Using the material below, print the line that contains "Your response must be concise. 8.67e+06.", the line that contains "Offer a very short reply. 3.94e+06.", and every line in between, exactly and nothing else.

◆ ◆ ◆

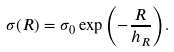Convert formula to latex. <formula><loc_0><loc_0><loc_500><loc_500>\sigma ( R ) = \sigma _ { 0 } \exp { \left ( - \frac { R } { h _ { R } } \right ) } .</formula> 
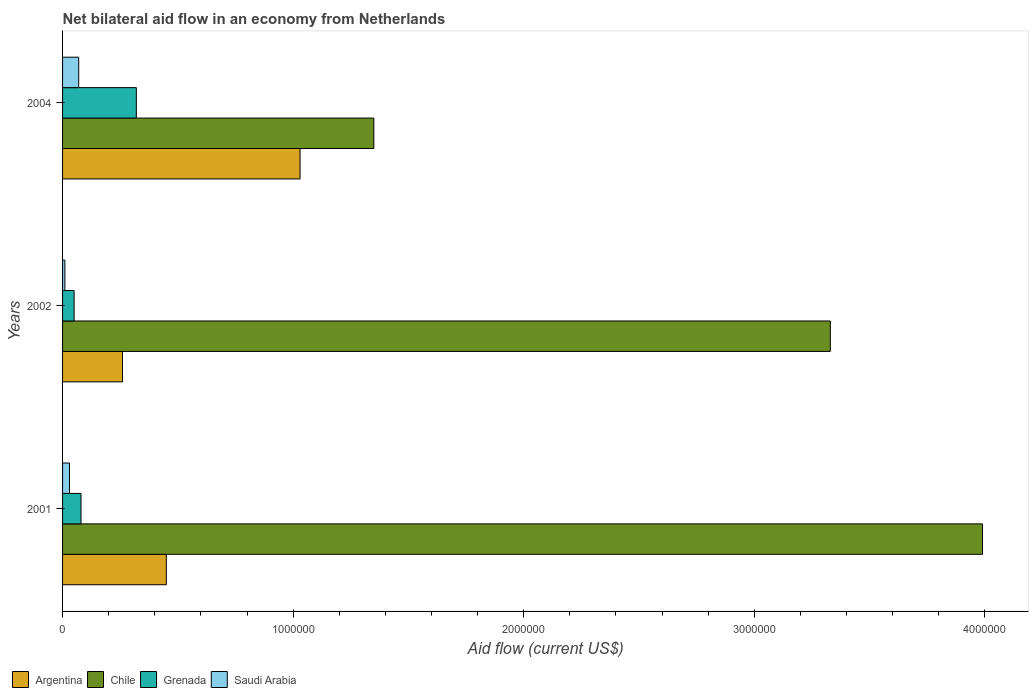How many groups of bars are there?
Your response must be concise. 3. Are the number of bars on each tick of the Y-axis equal?
Keep it short and to the point. Yes. What is the label of the 1st group of bars from the top?
Your answer should be very brief. 2004. In how many cases, is the number of bars for a given year not equal to the number of legend labels?
Provide a short and direct response. 0. What is the net bilateral aid flow in Argentina in 2004?
Ensure brevity in your answer.  1.03e+06. Across all years, what is the minimum net bilateral aid flow in Saudi Arabia?
Provide a short and direct response. 10000. In which year was the net bilateral aid flow in Argentina maximum?
Keep it short and to the point. 2004. What is the total net bilateral aid flow in Chile in the graph?
Keep it short and to the point. 8.67e+06. What is the difference between the net bilateral aid flow in Chile in 2004 and the net bilateral aid flow in Saudi Arabia in 2002?
Your answer should be very brief. 1.34e+06. What is the average net bilateral aid flow in Chile per year?
Keep it short and to the point. 2.89e+06. In the year 2001, what is the difference between the net bilateral aid flow in Argentina and net bilateral aid flow in Saudi Arabia?
Make the answer very short. 4.20e+05. In how many years, is the net bilateral aid flow in Chile greater than 1000000 US$?
Keep it short and to the point. 3. What is the ratio of the net bilateral aid flow in Grenada in 2001 to that in 2002?
Offer a very short reply. 1.6. Is the net bilateral aid flow in Saudi Arabia in 2001 less than that in 2002?
Provide a short and direct response. No. Is the difference between the net bilateral aid flow in Argentina in 2001 and 2004 greater than the difference between the net bilateral aid flow in Saudi Arabia in 2001 and 2004?
Ensure brevity in your answer.  No. What is the difference between the highest and the second highest net bilateral aid flow in Saudi Arabia?
Keep it short and to the point. 4.00e+04. What is the difference between the highest and the lowest net bilateral aid flow in Chile?
Ensure brevity in your answer.  2.64e+06. In how many years, is the net bilateral aid flow in Argentina greater than the average net bilateral aid flow in Argentina taken over all years?
Your response must be concise. 1. Is the sum of the net bilateral aid flow in Grenada in 2002 and 2004 greater than the maximum net bilateral aid flow in Chile across all years?
Give a very brief answer. No. What does the 1st bar from the top in 2001 represents?
Give a very brief answer. Saudi Arabia. What does the 2nd bar from the bottom in 2004 represents?
Make the answer very short. Chile. Is it the case that in every year, the sum of the net bilateral aid flow in Saudi Arabia and net bilateral aid flow in Grenada is greater than the net bilateral aid flow in Chile?
Give a very brief answer. No. Are all the bars in the graph horizontal?
Provide a short and direct response. Yes. What is the difference between two consecutive major ticks on the X-axis?
Give a very brief answer. 1.00e+06. Are the values on the major ticks of X-axis written in scientific E-notation?
Your answer should be compact. No. Does the graph contain any zero values?
Provide a short and direct response. No. How are the legend labels stacked?
Your answer should be very brief. Horizontal. What is the title of the graph?
Provide a short and direct response. Net bilateral aid flow in an economy from Netherlands. What is the label or title of the X-axis?
Offer a very short reply. Aid flow (current US$). What is the Aid flow (current US$) in Chile in 2001?
Your answer should be very brief. 3.99e+06. What is the Aid flow (current US$) in Grenada in 2001?
Give a very brief answer. 8.00e+04. What is the Aid flow (current US$) in Saudi Arabia in 2001?
Offer a very short reply. 3.00e+04. What is the Aid flow (current US$) of Argentina in 2002?
Offer a very short reply. 2.60e+05. What is the Aid flow (current US$) in Chile in 2002?
Your answer should be very brief. 3.33e+06. What is the Aid flow (current US$) of Grenada in 2002?
Your answer should be compact. 5.00e+04. What is the Aid flow (current US$) in Saudi Arabia in 2002?
Offer a terse response. 10000. What is the Aid flow (current US$) in Argentina in 2004?
Give a very brief answer. 1.03e+06. What is the Aid flow (current US$) of Chile in 2004?
Your response must be concise. 1.35e+06. Across all years, what is the maximum Aid flow (current US$) of Argentina?
Offer a very short reply. 1.03e+06. Across all years, what is the maximum Aid flow (current US$) in Chile?
Keep it short and to the point. 3.99e+06. Across all years, what is the minimum Aid flow (current US$) in Chile?
Ensure brevity in your answer.  1.35e+06. Across all years, what is the minimum Aid flow (current US$) in Saudi Arabia?
Your answer should be compact. 10000. What is the total Aid flow (current US$) in Argentina in the graph?
Your answer should be very brief. 1.74e+06. What is the total Aid flow (current US$) in Chile in the graph?
Your response must be concise. 8.67e+06. What is the total Aid flow (current US$) in Grenada in the graph?
Ensure brevity in your answer.  4.50e+05. What is the total Aid flow (current US$) in Saudi Arabia in the graph?
Your answer should be compact. 1.10e+05. What is the difference between the Aid flow (current US$) of Argentina in 2001 and that in 2002?
Ensure brevity in your answer.  1.90e+05. What is the difference between the Aid flow (current US$) of Chile in 2001 and that in 2002?
Make the answer very short. 6.60e+05. What is the difference between the Aid flow (current US$) in Saudi Arabia in 2001 and that in 2002?
Your answer should be very brief. 2.00e+04. What is the difference between the Aid flow (current US$) in Argentina in 2001 and that in 2004?
Make the answer very short. -5.80e+05. What is the difference between the Aid flow (current US$) of Chile in 2001 and that in 2004?
Your response must be concise. 2.64e+06. What is the difference between the Aid flow (current US$) in Saudi Arabia in 2001 and that in 2004?
Offer a terse response. -4.00e+04. What is the difference between the Aid flow (current US$) in Argentina in 2002 and that in 2004?
Keep it short and to the point. -7.70e+05. What is the difference between the Aid flow (current US$) of Chile in 2002 and that in 2004?
Offer a terse response. 1.98e+06. What is the difference between the Aid flow (current US$) of Saudi Arabia in 2002 and that in 2004?
Ensure brevity in your answer.  -6.00e+04. What is the difference between the Aid flow (current US$) in Argentina in 2001 and the Aid flow (current US$) in Chile in 2002?
Ensure brevity in your answer.  -2.88e+06. What is the difference between the Aid flow (current US$) in Argentina in 2001 and the Aid flow (current US$) in Grenada in 2002?
Provide a short and direct response. 4.00e+05. What is the difference between the Aid flow (current US$) in Chile in 2001 and the Aid flow (current US$) in Grenada in 2002?
Offer a very short reply. 3.94e+06. What is the difference between the Aid flow (current US$) of Chile in 2001 and the Aid flow (current US$) of Saudi Arabia in 2002?
Give a very brief answer. 3.98e+06. What is the difference between the Aid flow (current US$) in Argentina in 2001 and the Aid flow (current US$) in Chile in 2004?
Give a very brief answer. -9.00e+05. What is the difference between the Aid flow (current US$) in Chile in 2001 and the Aid flow (current US$) in Grenada in 2004?
Give a very brief answer. 3.67e+06. What is the difference between the Aid flow (current US$) in Chile in 2001 and the Aid flow (current US$) in Saudi Arabia in 2004?
Your response must be concise. 3.92e+06. What is the difference between the Aid flow (current US$) in Grenada in 2001 and the Aid flow (current US$) in Saudi Arabia in 2004?
Offer a terse response. 10000. What is the difference between the Aid flow (current US$) in Argentina in 2002 and the Aid flow (current US$) in Chile in 2004?
Provide a short and direct response. -1.09e+06. What is the difference between the Aid flow (current US$) of Argentina in 2002 and the Aid flow (current US$) of Grenada in 2004?
Your response must be concise. -6.00e+04. What is the difference between the Aid flow (current US$) in Argentina in 2002 and the Aid flow (current US$) in Saudi Arabia in 2004?
Provide a succinct answer. 1.90e+05. What is the difference between the Aid flow (current US$) in Chile in 2002 and the Aid flow (current US$) in Grenada in 2004?
Your response must be concise. 3.01e+06. What is the difference between the Aid flow (current US$) in Chile in 2002 and the Aid flow (current US$) in Saudi Arabia in 2004?
Provide a succinct answer. 3.26e+06. What is the difference between the Aid flow (current US$) of Grenada in 2002 and the Aid flow (current US$) of Saudi Arabia in 2004?
Make the answer very short. -2.00e+04. What is the average Aid flow (current US$) in Argentina per year?
Provide a short and direct response. 5.80e+05. What is the average Aid flow (current US$) in Chile per year?
Your answer should be very brief. 2.89e+06. What is the average Aid flow (current US$) in Saudi Arabia per year?
Your response must be concise. 3.67e+04. In the year 2001, what is the difference between the Aid flow (current US$) of Argentina and Aid flow (current US$) of Chile?
Your response must be concise. -3.54e+06. In the year 2001, what is the difference between the Aid flow (current US$) in Argentina and Aid flow (current US$) in Grenada?
Offer a very short reply. 3.70e+05. In the year 2001, what is the difference between the Aid flow (current US$) of Chile and Aid flow (current US$) of Grenada?
Your answer should be very brief. 3.91e+06. In the year 2001, what is the difference between the Aid flow (current US$) of Chile and Aid flow (current US$) of Saudi Arabia?
Offer a terse response. 3.96e+06. In the year 2001, what is the difference between the Aid flow (current US$) in Grenada and Aid flow (current US$) in Saudi Arabia?
Keep it short and to the point. 5.00e+04. In the year 2002, what is the difference between the Aid flow (current US$) of Argentina and Aid flow (current US$) of Chile?
Provide a succinct answer. -3.07e+06. In the year 2002, what is the difference between the Aid flow (current US$) of Argentina and Aid flow (current US$) of Saudi Arabia?
Make the answer very short. 2.50e+05. In the year 2002, what is the difference between the Aid flow (current US$) in Chile and Aid flow (current US$) in Grenada?
Offer a terse response. 3.28e+06. In the year 2002, what is the difference between the Aid flow (current US$) in Chile and Aid flow (current US$) in Saudi Arabia?
Your answer should be compact. 3.32e+06. In the year 2002, what is the difference between the Aid flow (current US$) of Grenada and Aid flow (current US$) of Saudi Arabia?
Your response must be concise. 4.00e+04. In the year 2004, what is the difference between the Aid flow (current US$) in Argentina and Aid flow (current US$) in Chile?
Offer a very short reply. -3.20e+05. In the year 2004, what is the difference between the Aid flow (current US$) of Argentina and Aid flow (current US$) of Grenada?
Your answer should be very brief. 7.10e+05. In the year 2004, what is the difference between the Aid flow (current US$) in Argentina and Aid flow (current US$) in Saudi Arabia?
Make the answer very short. 9.60e+05. In the year 2004, what is the difference between the Aid flow (current US$) of Chile and Aid flow (current US$) of Grenada?
Offer a very short reply. 1.03e+06. In the year 2004, what is the difference between the Aid flow (current US$) of Chile and Aid flow (current US$) of Saudi Arabia?
Ensure brevity in your answer.  1.28e+06. What is the ratio of the Aid flow (current US$) of Argentina in 2001 to that in 2002?
Your answer should be compact. 1.73. What is the ratio of the Aid flow (current US$) of Chile in 2001 to that in 2002?
Make the answer very short. 1.2. What is the ratio of the Aid flow (current US$) in Grenada in 2001 to that in 2002?
Offer a terse response. 1.6. What is the ratio of the Aid flow (current US$) in Argentina in 2001 to that in 2004?
Ensure brevity in your answer.  0.44. What is the ratio of the Aid flow (current US$) of Chile in 2001 to that in 2004?
Offer a terse response. 2.96. What is the ratio of the Aid flow (current US$) of Grenada in 2001 to that in 2004?
Your answer should be compact. 0.25. What is the ratio of the Aid flow (current US$) in Saudi Arabia in 2001 to that in 2004?
Provide a succinct answer. 0.43. What is the ratio of the Aid flow (current US$) in Argentina in 2002 to that in 2004?
Offer a terse response. 0.25. What is the ratio of the Aid flow (current US$) in Chile in 2002 to that in 2004?
Give a very brief answer. 2.47. What is the ratio of the Aid flow (current US$) in Grenada in 2002 to that in 2004?
Keep it short and to the point. 0.16. What is the ratio of the Aid flow (current US$) of Saudi Arabia in 2002 to that in 2004?
Provide a succinct answer. 0.14. What is the difference between the highest and the second highest Aid flow (current US$) of Argentina?
Ensure brevity in your answer.  5.80e+05. What is the difference between the highest and the second highest Aid flow (current US$) in Chile?
Provide a short and direct response. 6.60e+05. What is the difference between the highest and the second highest Aid flow (current US$) in Saudi Arabia?
Your response must be concise. 4.00e+04. What is the difference between the highest and the lowest Aid flow (current US$) of Argentina?
Ensure brevity in your answer.  7.70e+05. What is the difference between the highest and the lowest Aid flow (current US$) of Chile?
Make the answer very short. 2.64e+06. What is the difference between the highest and the lowest Aid flow (current US$) of Grenada?
Keep it short and to the point. 2.70e+05. What is the difference between the highest and the lowest Aid flow (current US$) in Saudi Arabia?
Your answer should be very brief. 6.00e+04.

◆ ◆ ◆

• ANSWER SECTION
Your response must be concise. 8.67e+06. What is the total Aid flow (current US$) in Grenada in the graph?
Ensure brevity in your answer.  4.50e+05. What is the total Aid flow (current US$) in Saudi Arabia in the graph?
Your answer should be compact. 1.10e+05. What is the difference between the Aid flow (current US$) of Argentina in 2001 and that in 2002?
Ensure brevity in your answer.  1.90e+05. What is the difference between the Aid flow (current US$) of Chile in 2001 and that in 2002?
Make the answer very short. 6.60e+05. What is the difference between the Aid flow (current US$) in Saudi Arabia in 2001 and that in 2002?
Your answer should be very brief. 2.00e+04. What is the difference between the Aid flow (current US$) in Argentina in 2001 and that in 2004?
Make the answer very short. -5.80e+05. What is the difference between the Aid flow (current US$) of Chile in 2001 and that in 2004?
Your response must be concise. 2.64e+06. What is the difference between the Aid flow (current US$) in Saudi Arabia in 2001 and that in 2004?
Offer a terse response. -4.00e+04. What is the difference between the Aid flow (current US$) in Argentina in 2002 and that in 2004?
Keep it short and to the point. -7.70e+05. What is the difference between the Aid flow (current US$) of Chile in 2002 and that in 2004?
Offer a terse response. 1.98e+06. What is the difference between the Aid flow (current US$) of Saudi Arabia in 2002 and that in 2004?
Ensure brevity in your answer.  -6.00e+04. What is the difference between the Aid flow (current US$) in Argentina in 2001 and the Aid flow (current US$) in Chile in 2002?
Ensure brevity in your answer.  -2.88e+06. What is the difference between the Aid flow (current US$) in Argentina in 2001 and the Aid flow (current US$) in Grenada in 2002?
Provide a short and direct response. 4.00e+05. What is the difference between the Aid flow (current US$) in Chile in 2001 and the Aid flow (current US$) in Grenada in 2002?
Offer a very short reply. 3.94e+06. What is the difference between the Aid flow (current US$) of Chile in 2001 and the Aid flow (current US$) of Saudi Arabia in 2002?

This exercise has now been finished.